• _EXERCISE DETAILS_
Go through the data and copy every line exactly, but not the images.

(Saved data entries)

[Start of section]

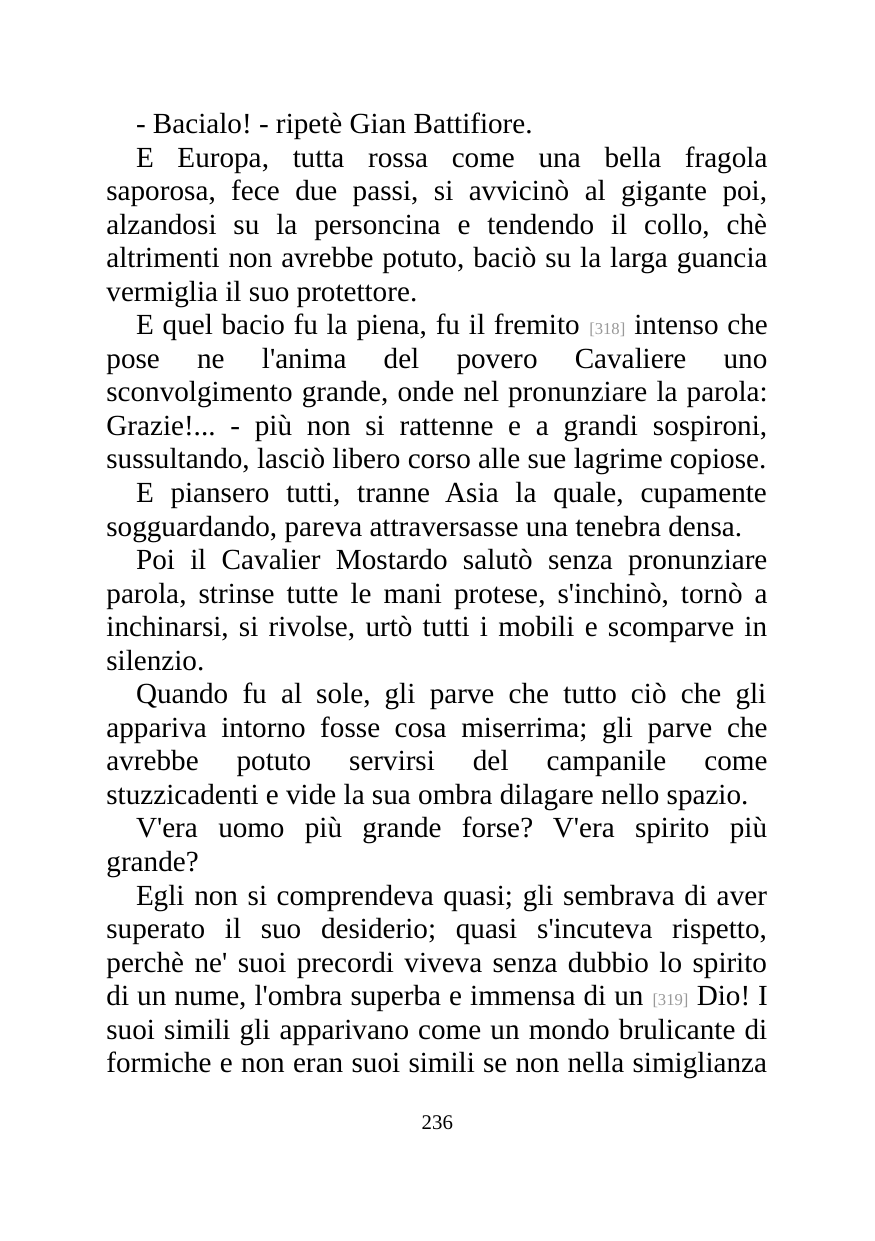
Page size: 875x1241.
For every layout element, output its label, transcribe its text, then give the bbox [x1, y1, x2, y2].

text Quando fu al sole, gli parve che tutto ciò che gli appariva intorno fosse cosa miserrima; gli parve che avrebbe potuto servirsi del campanile come stuzzicadenti e vide la sua ombra dilagare nello spazio. [106, 676, 768, 811]
text Egli non si comprendeva quasi; gli sembrava di aver superato il suo desiderio; quasi s'incuteva rispetto, perchè ne' suoi precordi viveva senza dubbio lo spirito di un nume, l'ombra superba e immensa di un [319] Dio! I suoi simili gli apparivano come un mondo brulicante di formiche e non eran suoi simili se non nella simiglianza [106, 878, 768, 1079]
text V'era uomo più grande forse? V'era spirito più grande? [106, 811, 768, 878]
text - Bacialo! - ripetè Gian Battifiore. [106, 106, 768, 140]
text E quel bacio fu la piena, fu il fremito [318] intenso che pose ne l'anima del povero Cavaliere uno sconvolgimento grande, onde nel pronunziare la parola: Grazie!... - più non si rattenne e a grandi sospironi, sussultando, lasciò libero corso alle sue lagrime copiose. [106, 307, 768, 475]
text E piansero tutti, tranne Asia la quale, cupamente sogguardando, pareva attraversasse una tenebra densa. [106, 475, 768, 542]
text Poi il Cavalier Mostardo salutò senza pronunziare parola, strinse tutte le mani protese, s'inchinò, tornò a inchinarsi, si rivolse, urtò tutti i mobili e scomparve in silenzio. [106, 542, 768, 676]
text E Europa, tutta rossa come una bella fragola saporosa, fece due passi, si avvicinò al gigante poi, alzandosi su la personcina e tendendo il collo, chè altrimenti non avrebbe potuto, baciò su la larga guancia vermiglia il suo protettore. [106, 140, 768, 307]
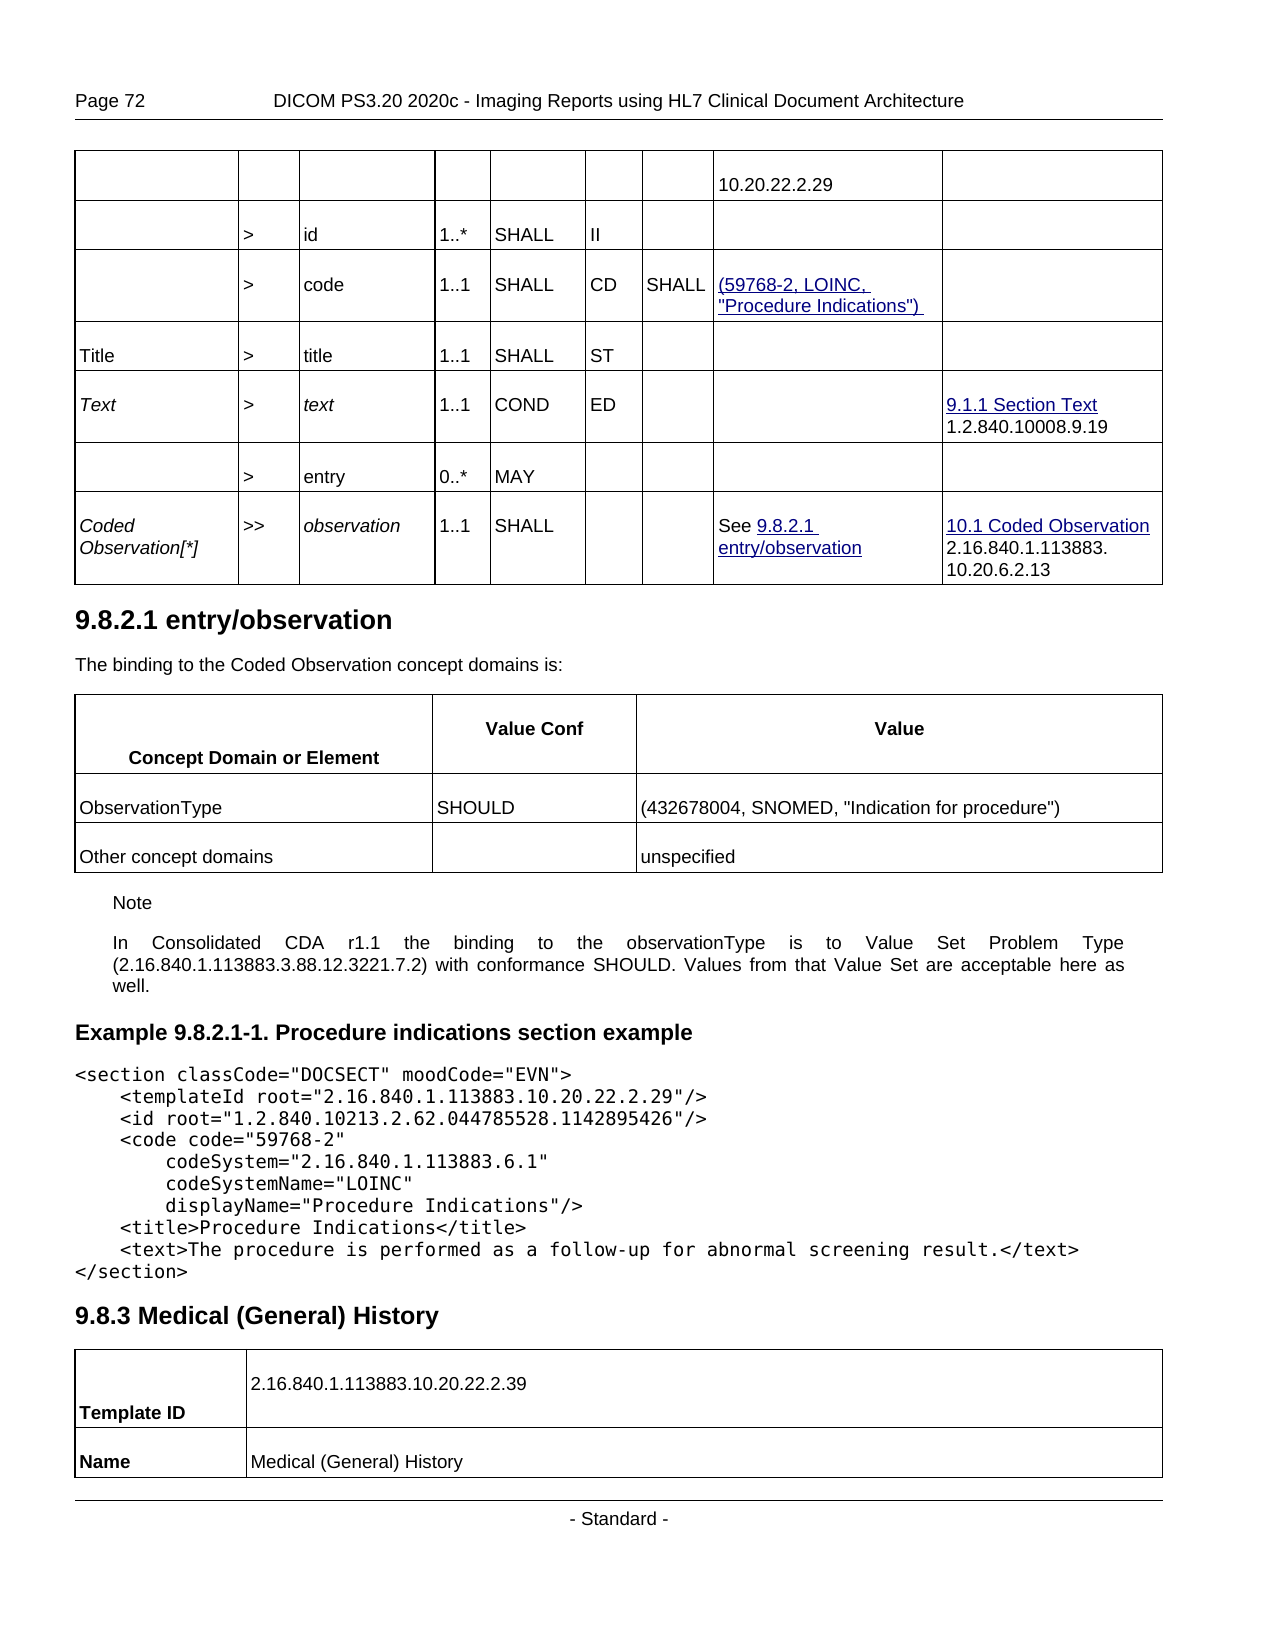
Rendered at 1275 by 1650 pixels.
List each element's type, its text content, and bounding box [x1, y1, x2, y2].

table_cell COND [491, 371, 585, 442]
table_cell [643, 443, 713, 491]
table_cell 10.1 Coded Observation 2.16.840.1.113883.​10.20.6.2.13 [943, 492, 1162, 584]
table_cell > [239, 201, 299, 249]
table_cell >> [239, 492, 299, 584]
table_cell II [586, 201, 642, 249]
table_cell [76, 250, 238, 321]
table_cell [943, 201, 1162, 249]
table_cell id [300, 201, 434, 249]
table_cell [76, 443, 238, 491]
table_cell text [300, 371, 434, 442]
table_header Concept Domain or Element [76, 695, 432, 773]
table_cell [714, 322, 942, 370]
table_cell > [239, 443, 299, 491]
table_cell [491, 151, 585, 200]
table_header 2.16.840.1.113883.​10.20.22.2.39 [247, 1350, 1162, 1427]
table_cell SHALL [643, 250, 713, 321]
table_cell [643, 201, 713, 249]
table_cell [433, 823, 636, 872]
table_cell Coded​Observation[*] [76, 492, 238, 584]
table_cell SHALL [491, 250, 585, 321]
table_cell [643, 492, 713, 584]
table_cell MAY [491, 443, 585, 491]
table_cell SHALL [491, 201, 585, 249]
table_cell observation [300, 492, 434, 584]
table_cell [76, 201, 238, 249]
table_header Value Conf [433, 695, 636, 773]
table_cell [714, 371, 942, 442]
table_header Value [637, 695, 1162, 773]
table_cell Observation​Type [76, 774, 432, 822]
table_cell title [300, 322, 434, 370]
table_cell > [239, 250, 299, 321]
table_cell Title [76, 322, 238, 370]
table_cell [714, 443, 942, 491]
table_cell 0..* [436, 443, 490, 491]
table_cell ST [586, 322, 642, 370]
table_cell > [239, 322, 299, 370]
table_cell code [300, 250, 434, 321]
table_cell CD [586, 250, 642, 321]
table_cell [943, 443, 1162, 491]
table_cell [943, 250, 1162, 321]
table_cell [586, 492, 642, 584]
table_cell (59768-2, LOINC, "Procedure Indications") [714, 250, 942, 321]
table_cell 1..1 [436, 492, 490, 584]
table_cell [76, 151, 238, 200]
table_cell Other concept domains [76, 823, 432, 872]
table_cell (432678004, SNOMED, "Indication for procedure") [637, 774, 1162, 822]
table_cell > [239, 371, 299, 442]
text <section classCode="DOCSECT" moodCode="EVN"> <templateId root="2.16.840.1.113883.10.20.22.2.29"/> <id root="1.2.840.10213.2.62.044785528.1142895426"/> <code code="59768-2" codeSystem="2.16.840.1.113883.6.1" codeSystemName="LOINC" displayName="Procedure Indications"/> <title>Procedure Indications</title> <text>The procedure is performed as a follow-up for abnormal screening result.</text> </section> [75, 1064, 1162, 1283]
table_cell See 9.8.2.1 entry/observation [714, 492, 942, 584]
text 9.8.2.1 entry/observation [75, 604, 1162, 635]
table_cell [643, 322, 713, 370]
table_cell [643, 151, 713, 200]
table_cell [239, 151, 299, 200]
table_cell [643, 371, 713, 442]
table_cell 1..1 [436, 322, 490, 370]
table_cell 1..1 [436, 250, 490, 321]
table_cell [586, 151, 642, 200]
text Example 9.8.2.1-1. Procedure indications section example [75, 1019, 1162, 1045]
table_cell 1..* [436, 201, 490, 249]
table_cell 10.20.22.2.29 [714, 151, 942, 200]
table_cell [943, 151, 1162, 200]
table_cell Text [76, 371, 238, 442]
table_cell [586, 443, 642, 491]
table_cell SHALL [491, 492, 585, 584]
table_cell ED [586, 371, 642, 442]
table_cell SHOULD [433, 774, 636, 822]
table_cell [300, 151, 434, 200]
table_cell [714, 201, 942, 249]
table_cell 9.1.1 Section Text 1.2.840.10008.9.19 [943, 371, 1162, 442]
table_cell unspecified [637, 823, 1162, 872]
table_cell SHALL [491, 322, 585, 370]
text 9.8.3 Medical (General) History [75, 1301, 1162, 1330]
table_cell [436, 151, 490, 200]
text In Consolidated CDA r1.1 the binding to the observationType is to Value Set Problem Type (2.16.840.1.113883.3.88.12.3221.7.2) with conformance SHOULD. Values from that Value Set are acceptable here as well. [112, 932, 1125, 997]
table_cell Medical (General) History [247, 1428, 1162, 1477]
table_header Template ID [76, 1350, 246, 1427]
table_cell Name [76, 1428, 246, 1477]
text Note [112, 892, 1125, 913]
table_cell entry [300, 443, 434, 491]
table_cell [943, 322, 1162, 370]
text The binding to the Coded Observation concept domains is: [75, 654, 1162, 675]
table_cell 1..1 [436, 371, 490, 442]

[End of section]

• _ANSWER TO THE EXERCISE_
Page size: 875x1241.
For every layout element, output its label, transcribe its text, then give the bbox [x1, y1, x2, y2].

text Quando fu al sole, gli parve che tutto ciò che gli appariva intorno fosse cosa miserrima; gli parve che avrebbe potuto servirsi del campanile come stuzzicadenti e vide la sua ombra dilagare nello spazio. [106, 676, 768, 811]
text Egli non si comprendeva quasi; gli sembrava di aver superato il suo desiderio; quasi s'incuteva rispetto, perchè ne' suoi precordi viveva senza dubbio lo spirito di un nume, l'ombra superba e immensa di un [319] Dio! I suoi simili gli apparivano come un mondo brulicante di formiche e non eran suoi simili se non nella simiglianza [106, 878, 768, 1079]
text V'era uomo più grande forse? V'era spirito più grande? [106, 811, 768, 878]
text - Bacialo! - ripetè Gian Battifiore. [106, 106, 768, 140]
text E quel bacio fu la piena, fu il fremito [318] intenso che pose ne l'anima del povero Cavaliere uno sconvolgimento grande, onde nel pronunziare la parola: Grazie!... - più non si rattenne e a grandi sospironi, sussultando, lasciò libero corso alle sue lagrime copiose. [106, 307, 768, 475]
text E piansero tutti, tranne Asia la quale, cupamente sogguardando, pareva attraversasse una tenebra densa. [106, 475, 768, 542]
text Poi il Cavalier Mostardo salutò senza pronunziare parola, strinse tutte le mani protese, s'inchinò, tornò a inchinarsi, si rivolse, urtò tutti i mobili e scomparve in silenzio. [106, 542, 768, 676]
text E Europa, tutta rossa come una bella fragola saporosa, fece due passi, si avvicinò al gigante poi, alzandosi su la personcina e tendendo il collo, chè altrimenti non avrebbe potuto, baciò su la larga guancia vermiglia il suo protettore. [106, 140, 768, 307]
Rendered at 1275 by 1650 pixels.
List each element's type, its text content, and bounding box [x1, y1, x2, y2].

table_cell COND [491, 371, 585, 442]
table_cell [643, 443, 713, 491]
table_cell 10.1 Coded Observation 2.16.840.1.113883.​10.20.6.2.13 [943, 492, 1162, 584]
table_cell > [239, 201, 299, 249]
table_cell >> [239, 492, 299, 584]
table_cell II [586, 201, 642, 249]
table_cell [76, 250, 238, 321]
table_cell [943, 201, 1162, 249]
table_cell id [300, 201, 434, 249]
table_cell [76, 443, 238, 491]
table_cell text [300, 371, 434, 442]
table_header Concept Domain or Element [76, 695, 432, 773]
table_cell [714, 322, 942, 370]
table_cell > [239, 443, 299, 491]
table_cell [491, 151, 585, 200]
table_header 2.16.840.1.113883.​10.20.22.2.39 [247, 1350, 1162, 1427]
table_cell SHALL [643, 250, 713, 321]
table_cell [643, 201, 713, 249]
table_cell [433, 823, 636, 872]
table_cell Coded​Observation[*] [76, 492, 238, 584]
table_cell SHALL [491, 250, 585, 321]
table_cell [643, 492, 713, 584]
table_cell MAY [491, 443, 585, 491]
table_cell SHALL [491, 201, 585, 249]
table_cell observation [300, 492, 434, 584]
table_cell [76, 201, 238, 249]
table_header Value Conf [433, 695, 636, 773]
table_cell [714, 371, 942, 442]
table_header Value [637, 695, 1162, 773]
table_cell Observation​Type [76, 774, 432, 822]
table_cell title [300, 322, 434, 370]
table_cell > [239, 250, 299, 321]
table_cell Title [76, 322, 238, 370]
table_cell [714, 443, 942, 491]
table_cell 0..* [436, 443, 490, 491]
table_cell ST [586, 322, 642, 370]
table_cell > [239, 322, 299, 370]
table_cell code [300, 250, 434, 321]
table_cell CD [586, 250, 642, 321]
table_cell [943, 443, 1162, 491]
table_cell [943, 250, 1162, 321]
table_cell [586, 492, 642, 584]
table_cell (59768-2, LOINC, "Procedure Indications") [714, 250, 942, 321]
table_cell 1..1 [436, 492, 490, 584]
table_cell [76, 151, 238, 200]
table_cell Other concept domains [76, 823, 432, 872]
table_cell (432678004, SNOMED, "Indication for procedure") [637, 774, 1162, 822]
table_cell > [239, 371, 299, 442]
text <section classCode="DOCSECT" moodCode="EVN"> <templateId root="2.16.840.1.113883.10.20.22.2.29"/> <id root="1.2.840.10213.2.62.044785528.1142895426"/> <code code="59768-2" codeSystem="2.16.840.1.113883.6.1" codeSystemName="LOINC" displayName="Procedure Indications"/> <title>Procedure Indications</title> <text>The procedure is performed as a follow-up for abnormal screening result.</text> </section> [75, 1064, 1162, 1283]
table_cell See 9.8.2.1 entry/observation [714, 492, 942, 584]
text 9.8.2.1 entry/observation [75, 604, 1162, 635]
table_cell [643, 322, 713, 370]
table_cell [643, 151, 713, 200]
table_cell [239, 151, 299, 200]
table_cell [643, 371, 713, 442]
table_cell 1..1 [436, 322, 490, 370]
table_cell 1..1 [436, 250, 490, 321]
table_cell [586, 151, 642, 200]
text Example 9.8.2.1-1. Procedure indications section example [75, 1019, 1162, 1045]
table_cell 1..* [436, 201, 490, 249]
table_cell 10.20.22.2.29 [714, 151, 942, 200]
table_cell [943, 151, 1162, 200]
table_cell Text [76, 371, 238, 442]
table_cell [586, 443, 642, 491]
table_cell SHALL [491, 492, 585, 584]
table_cell ED [586, 371, 642, 442]
table_cell SHOULD [433, 774, 636, 822]
table_cell [300, 151, 434, 200]
table_cell [714, 201, 942, 249]
table_cell 9.1.1 Section Text 1.2.840.10008.9.19 [943, 371, 1162, 442]
table_cell unspecified [637, 823, 1162, 872]
table_cell SHALL [491, 322, 585, 370]
text 9.8.3 Medical (General) History [75, 1301, 1162, 1330]
table_cell [436, 151, 490, 200]
text In Consolidated CDA r1.1 the binding to the observationType is to Value Set Problem Type (2.16.840.1.113883.3.88.12.3221.7.2) with conformance SHOULD. Values from that Value Set are acceptable here as well. [112, 932, 1125, 997]
table_cell Medical (General) History [247, 1428, 1162, 1477]
table_header Template ID [76, 1350, 246, 1427]
table_cell Name [76, 1428, 246, 1477]
text Note [112, 892, 1125, 913]
table_cell entry [300, 443, 434, 491]
table_cell [943, 322, 1162, 370]
text The binding to the Coded Observation concept domains is: [75, 654, 1162, 675]
table_cell 1..1 [436, 371, 490, 442]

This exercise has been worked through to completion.